[Start of section]

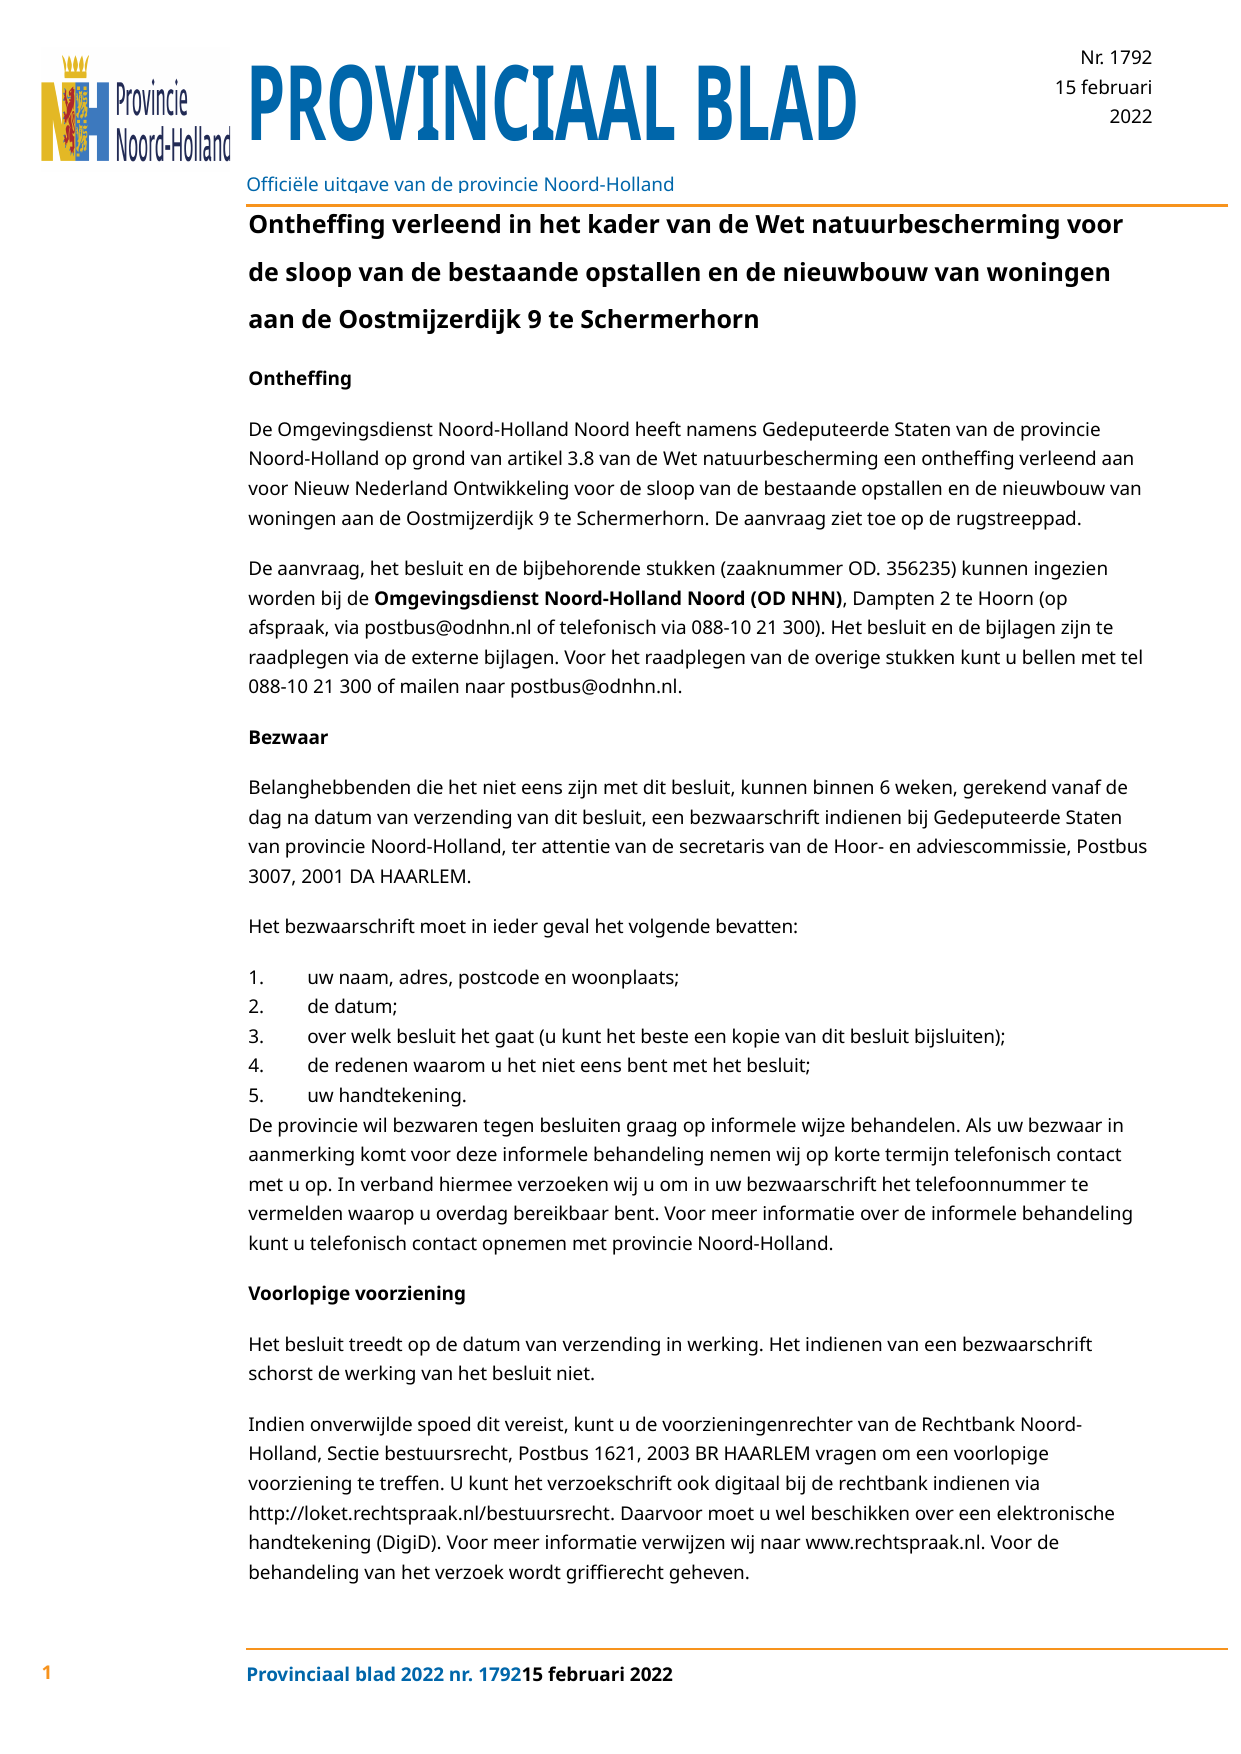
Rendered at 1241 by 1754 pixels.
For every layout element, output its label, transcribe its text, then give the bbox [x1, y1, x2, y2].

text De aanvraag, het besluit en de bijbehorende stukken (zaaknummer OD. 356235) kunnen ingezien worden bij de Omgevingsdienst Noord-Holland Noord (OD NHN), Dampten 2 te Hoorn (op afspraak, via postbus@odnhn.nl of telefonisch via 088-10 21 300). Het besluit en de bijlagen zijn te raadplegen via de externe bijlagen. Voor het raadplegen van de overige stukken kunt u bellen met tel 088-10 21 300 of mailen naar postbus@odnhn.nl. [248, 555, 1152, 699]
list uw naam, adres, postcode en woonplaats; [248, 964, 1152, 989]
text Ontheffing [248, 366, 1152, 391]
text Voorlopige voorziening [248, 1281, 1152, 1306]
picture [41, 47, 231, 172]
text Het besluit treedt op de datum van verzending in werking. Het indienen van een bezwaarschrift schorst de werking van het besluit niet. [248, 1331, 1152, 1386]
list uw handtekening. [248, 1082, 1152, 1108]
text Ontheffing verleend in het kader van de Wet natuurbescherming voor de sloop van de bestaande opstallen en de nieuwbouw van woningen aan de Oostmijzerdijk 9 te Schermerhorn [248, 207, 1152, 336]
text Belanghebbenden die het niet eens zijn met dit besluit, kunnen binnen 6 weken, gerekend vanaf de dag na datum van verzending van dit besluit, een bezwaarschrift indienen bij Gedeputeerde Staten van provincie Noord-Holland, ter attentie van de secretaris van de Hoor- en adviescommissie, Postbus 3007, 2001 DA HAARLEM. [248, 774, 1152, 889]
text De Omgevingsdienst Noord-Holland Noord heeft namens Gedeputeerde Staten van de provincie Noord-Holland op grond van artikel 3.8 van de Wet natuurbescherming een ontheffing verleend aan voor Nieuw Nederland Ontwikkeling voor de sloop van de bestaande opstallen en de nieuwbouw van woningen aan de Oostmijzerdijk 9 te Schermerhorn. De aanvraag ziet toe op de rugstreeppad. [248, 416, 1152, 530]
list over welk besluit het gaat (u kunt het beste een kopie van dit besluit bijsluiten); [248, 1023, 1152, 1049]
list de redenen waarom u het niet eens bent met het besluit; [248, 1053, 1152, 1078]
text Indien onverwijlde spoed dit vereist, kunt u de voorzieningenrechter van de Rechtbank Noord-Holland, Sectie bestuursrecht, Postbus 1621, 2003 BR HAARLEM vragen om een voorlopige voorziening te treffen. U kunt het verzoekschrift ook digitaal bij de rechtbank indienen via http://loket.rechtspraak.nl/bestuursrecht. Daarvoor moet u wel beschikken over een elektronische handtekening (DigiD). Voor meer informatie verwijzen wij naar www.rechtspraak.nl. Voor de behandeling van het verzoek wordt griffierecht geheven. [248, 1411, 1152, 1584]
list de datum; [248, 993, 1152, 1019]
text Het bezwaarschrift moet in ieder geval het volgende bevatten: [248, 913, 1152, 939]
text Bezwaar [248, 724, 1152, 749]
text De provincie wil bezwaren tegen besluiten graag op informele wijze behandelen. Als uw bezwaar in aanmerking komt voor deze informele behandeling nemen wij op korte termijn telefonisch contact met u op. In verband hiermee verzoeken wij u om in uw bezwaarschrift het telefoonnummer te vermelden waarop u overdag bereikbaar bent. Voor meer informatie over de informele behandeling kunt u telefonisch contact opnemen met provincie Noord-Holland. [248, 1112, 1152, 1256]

[End of section]

-- Problem to work on --
Counting every line that holds the string "moet", give the total for the data above and nothing else.

-- Output --
2